En route too to a full examination of Einstein's love or otherwise of Britishness and his time here, we also get more than I would have assumed about his interactions with the Zionists building their own nation in between the World Wars. Don't get me wrong, this is all tied into the story – his pro-Zionist fundraising led to antagonism being multiplied in Germany, which of course sent him into Britannia's arms, even if only for a month or so here and there, but I felt this a little too completist and forensically academic in contrast to the book I thought I was getting. Still, before this can be claimed to be more about me than the book, it is still very readable – no wodges of notes interrupting the flow, for everything is in the core text – and succinctly full of great detail, such as the days when a full technical paper was displayed for the passing public in Selfridges' store windows, or how 1939 saw Princeton freshers vote Hitler above Einstein (by some considerable margin) as 'greatest living person', while Einstein was working as their very neighbour.

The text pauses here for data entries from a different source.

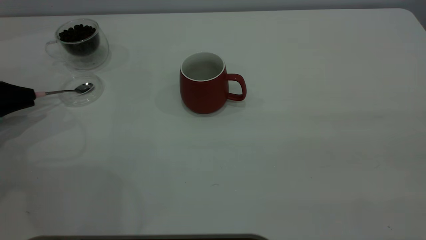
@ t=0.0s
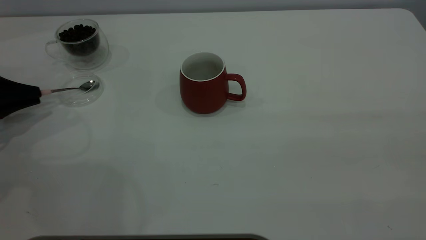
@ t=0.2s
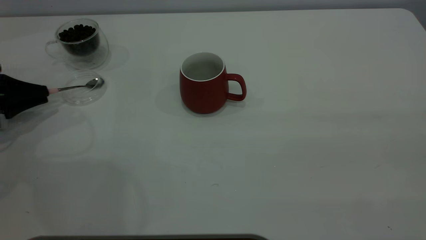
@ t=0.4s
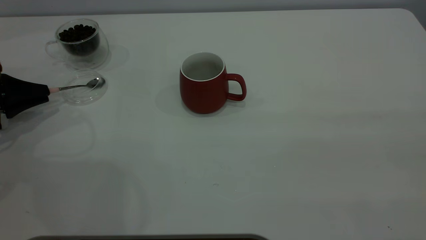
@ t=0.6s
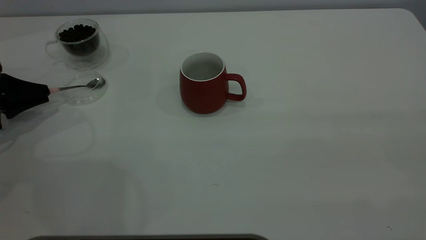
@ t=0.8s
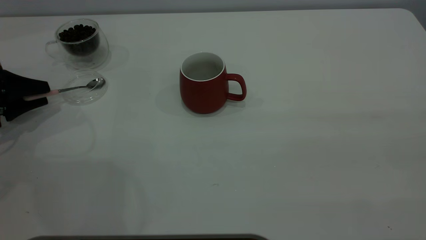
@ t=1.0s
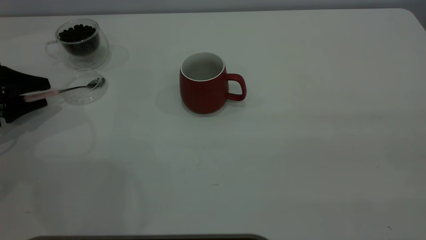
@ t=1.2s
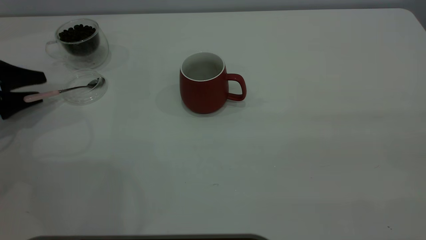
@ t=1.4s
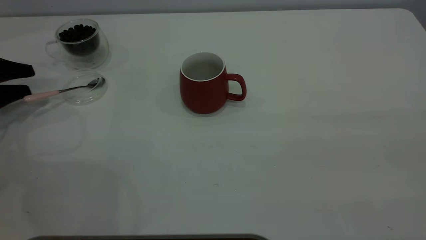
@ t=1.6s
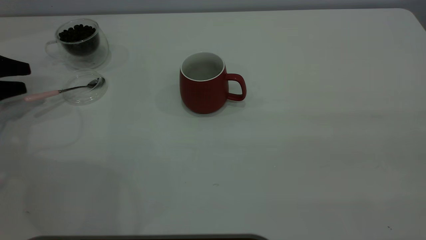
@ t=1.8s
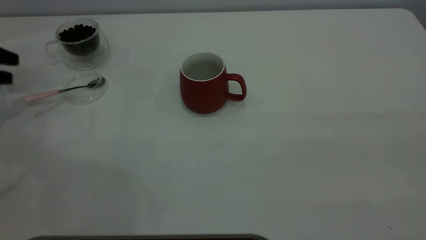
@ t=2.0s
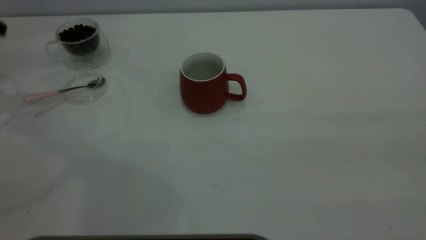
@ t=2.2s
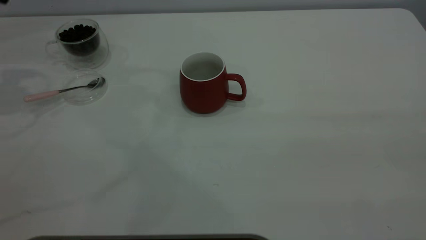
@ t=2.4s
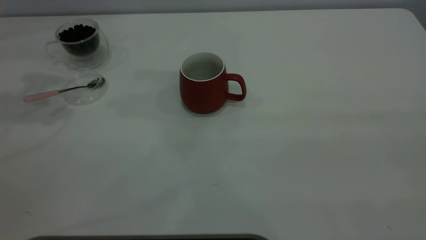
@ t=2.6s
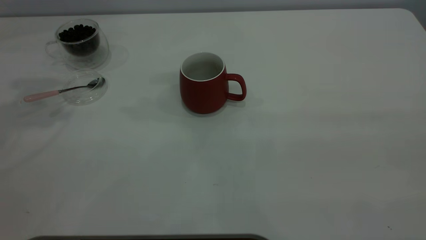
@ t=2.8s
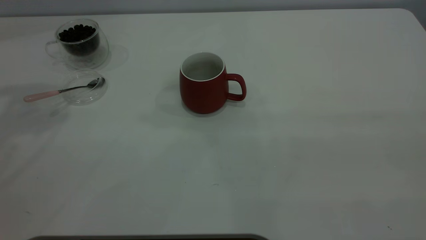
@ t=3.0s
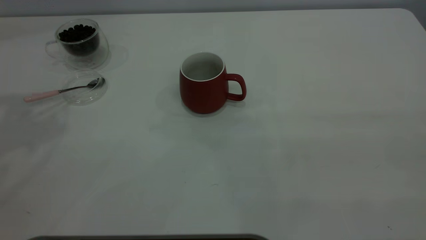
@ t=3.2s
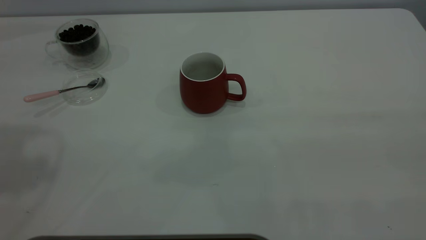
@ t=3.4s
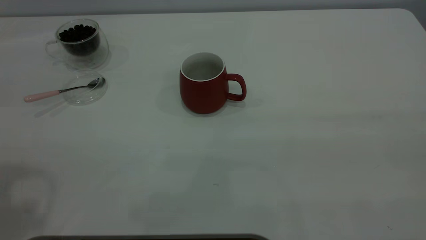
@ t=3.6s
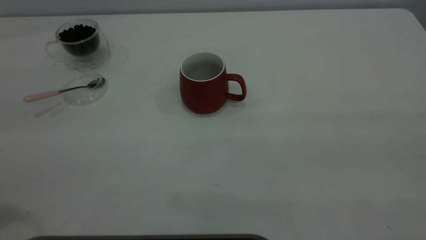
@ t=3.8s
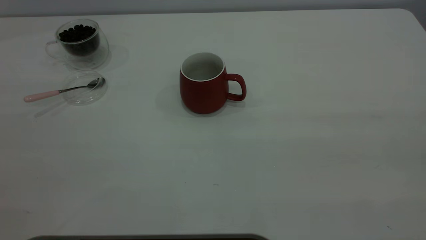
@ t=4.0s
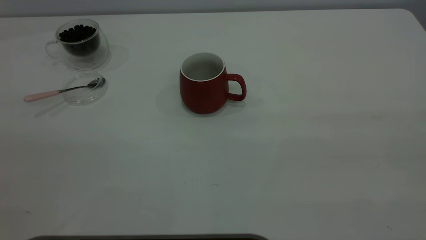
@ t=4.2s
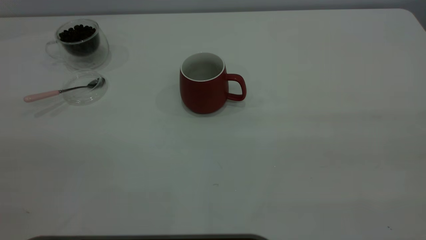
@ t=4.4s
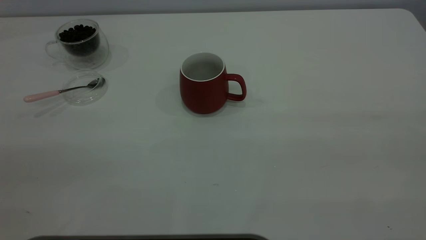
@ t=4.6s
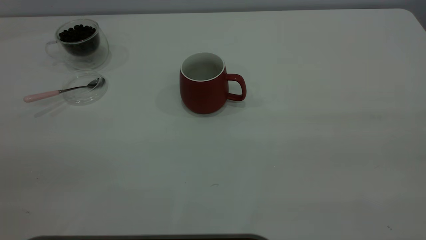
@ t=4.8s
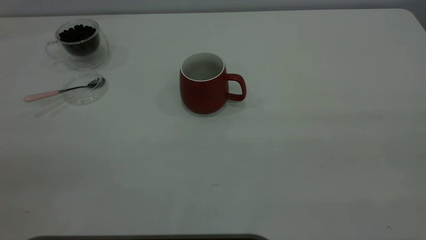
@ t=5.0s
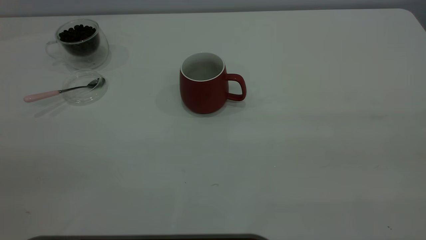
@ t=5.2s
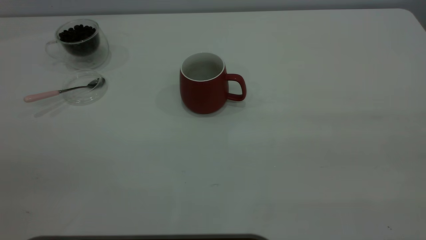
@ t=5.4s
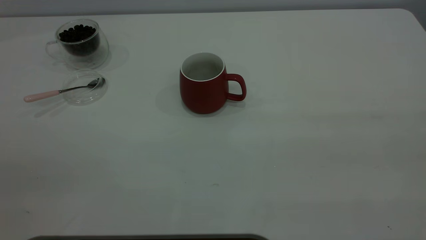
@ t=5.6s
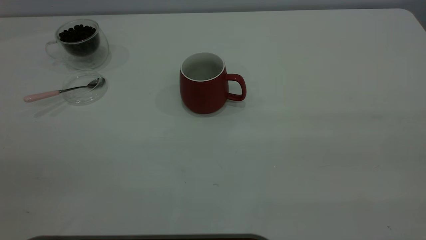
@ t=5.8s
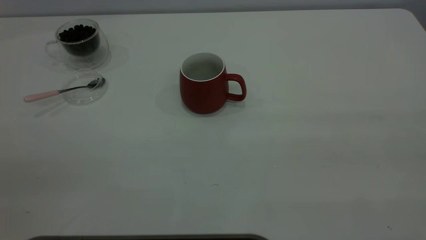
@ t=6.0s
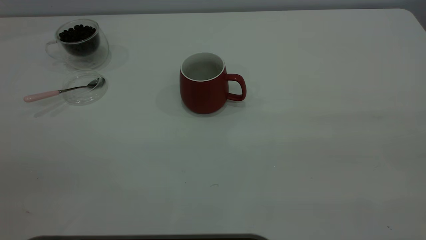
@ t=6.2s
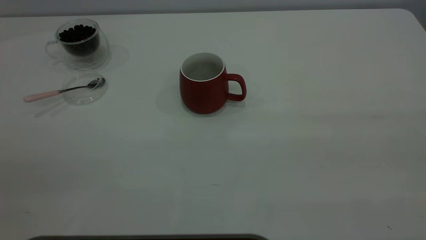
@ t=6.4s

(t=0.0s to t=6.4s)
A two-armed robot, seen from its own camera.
Task of the whole recording: the right gripper place the red cup in the center of the table, the left gripper take the pink spoon from the cup lid and scoop out the coffee beans from the coffee cup and put them into the red cup, the left gripper put the spoon back into the cup lid.
Step, t=0.0s - t=2.0s: Place the spoon back in its original place.
t=0.0s - t=1.6s: The left gripper opens.
t=1.6s - t=3.2s: The left gripper travels upward by approximately 40 cm.
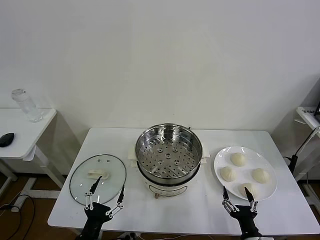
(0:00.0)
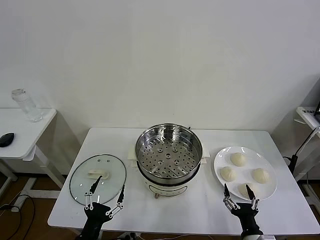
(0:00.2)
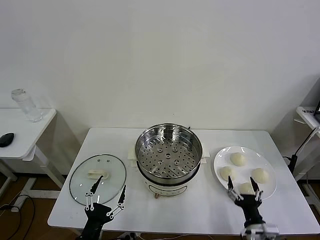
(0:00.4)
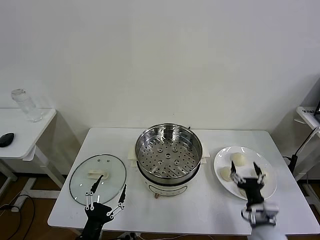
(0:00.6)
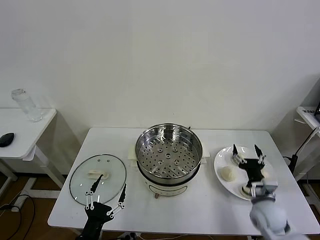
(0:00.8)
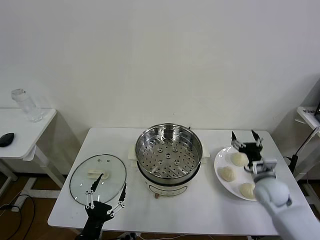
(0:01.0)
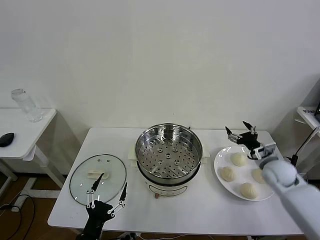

In all, I never objected to the contents here, but coming to this as Mister Average Browser I felt it a little too heavily on the academic side. A true classic non-fiction will make me think any spurious, trivial or serious minutia of history is worth a whole book on – these pages kind of proved that there was not a full, populist title to be had on this subject. Still, three and a half stars, with more deemed the verdict from the point of view of someone more able to engage so intimately with science history.